Mittelschwaebische Nachrichten
Wie lange müssen wir arbeiten?
Die Bevölkerung wird älter. Auf der Suche nach Lösungen reden Forscher in Augsburg nicht nur über eine Rente mit 69. Manche wollen den festen Renteneintritt sogar ganz abschaffen
Augsburg Die Bevölkerung in Deutschland wird im Schnitt immer älter. In den vergangenen Jahrzehnten wurden immer weniger Kinder geboren. Und immer weniger Arbeitnehmer müssen in Zukunft für immer mehr Rentner aufkommen. Die Probleme, die der gesellschaftliche Wandel mit sich bringt, sind Politik und Wissenschaft längst klar. Auf einem Kongress an der Universität Augsburg suchen derzeit Forscher nach Auswegen. Mancher Vorschlag auf der Jahrestagung des renommierten Vereins für Socialpolitik mit rund 800 angemeldeten Teilnehmern und rund 500 Vorträgen mutet dabei radikal an.

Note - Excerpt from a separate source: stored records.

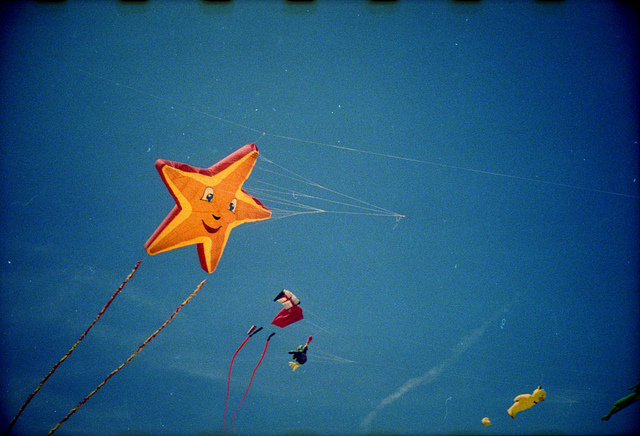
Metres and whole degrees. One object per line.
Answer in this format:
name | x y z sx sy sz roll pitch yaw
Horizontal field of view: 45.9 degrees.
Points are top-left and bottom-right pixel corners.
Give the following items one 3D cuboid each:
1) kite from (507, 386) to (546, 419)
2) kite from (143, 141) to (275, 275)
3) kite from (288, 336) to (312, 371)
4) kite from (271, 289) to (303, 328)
kite | 1.924 1.717 7.140 0.370 0.157 0.199 -33 -80 0
kite | -0.933 -0.121 6.751 1.299 0.178 1.294 25 -83 -40
kite | -0.185 1.271 7.056 0.212 0.085 0.173 -38 -86 12
kite | -0.295 0.852 6.981 0.283 0.067 0.341 8 -74 -9

Dabei räumen die Forscher zuerst mit dem Vorurteil auf, dass eine älter werdende Bevölkerung und sinkende Geburtenraten immer ein Nachteil sind. Im Gegenteil, meint der Ökonom David E. Bloom von der US-Universität Harvard. Eine höhere Lebenserwartung und sinkende Geburtenraten wirken sich gerade in Entwicklungsländern anfangs positiv auf das Wachstum aus, sagt er. Dann entwickeln sich die Länder und kommen wirtschaftlich voran. Bestes Beispiel seien die asiatischen Tigerstaaten – zum Beispiel Singapur. Doch in Deutschland greifen diese Effekte längst nicht mehr, zu lange hält der sogenannte demografische Wandel bereits an, zu lange ist die Geburtenrate schon niedrig. Bald könnten also die Nachteile überwiegen. Was tun?
Für den Ökonomen Christoph M. Schmidt ist die Alterung der Bevölkerung in Deutschland „unaufhaltsam“, wie er auf der Tagung sagte. Der Chef der Wirtschaftsweisen, welche die Bundesregierung beraten, geht davon aus, dass die Bevölkerung in Deutschland von derzeit über 80 Millionen Menschen bis zum Jahr 2060 um zehn bis 25 Prozent schrumpft. Deutschland werden also Millionen Bürger fehlen. Selbst wenn Frauen mehr Kinder bekämen, würde das kaum helfen, meint der Chef des Rheinisch-Westfälischen Instituts für Wirtschaftsforschung. Denn bis der Effekt spürbar ist, sei der demografische Wandel längst im Gang.
Um die Alterung abzufedern und das Rentensystem zu stabilisieren, führt aus Sicht des Wirtschaftswei- sen wenig daran vorbei, dass die Arbeitnehmer länger arbeiten. Dass SPD-Chef Sigmar Gabriel den Vorstoß der Bundesbank für ein Rentenalter von 69 Jahren statt wie bald mit 67 als „bekloppt“bewertet hat, bedauerte Schmidt. Auch er schlägt vor, die Lebensarbeitszeit an die steigende Lebenserwartung zu koppeln. Mit anderen Worten: Wenn wir länger leben, können wir auch länger arbeiten. Viele der heutigen Arbeitnehmer würde dies aber gar nicht treffen, beruhigt er. „Es geht um die Generation der ab 1990 Geborenen mit ganz anderen Berufsbildern.“
Aber es geht noch radikaler. Das feste Rentenalter gleich ganz abzuschaffen, das fordert der österreichische Forscher Wolfgang Lutz. „Wenn wir immer besser gebildet und gesünder sind, können wir arbeiten, solange wir wollen“, sagte er. „Warum also kann man nicht das gesetzliche Renteneintrittsalter ganz abschaffen und ein flexibles System einführen?“, meinte der Fachmann der Wirtschaftsuniversität Wien.
Ob es so weit kommt, ist ungewiss. Skeptisch reagierte jedenfalls der Vertreter der Bundesregierung. Innenstaatssekretär Hans-Georg Engelke befürchtet aber, dass die Diskussion „Jung gegen Alt“in den kommenden Jahren an Schärfe gewinnt. Die Regierung suche deshalb in einem Ausschuss nach Wegen, den gesellschaftlichen Zusammenhalt in einer kleineren, älteren und durch Einwanderer immer „bunteren“Gesellschaft zu wahren.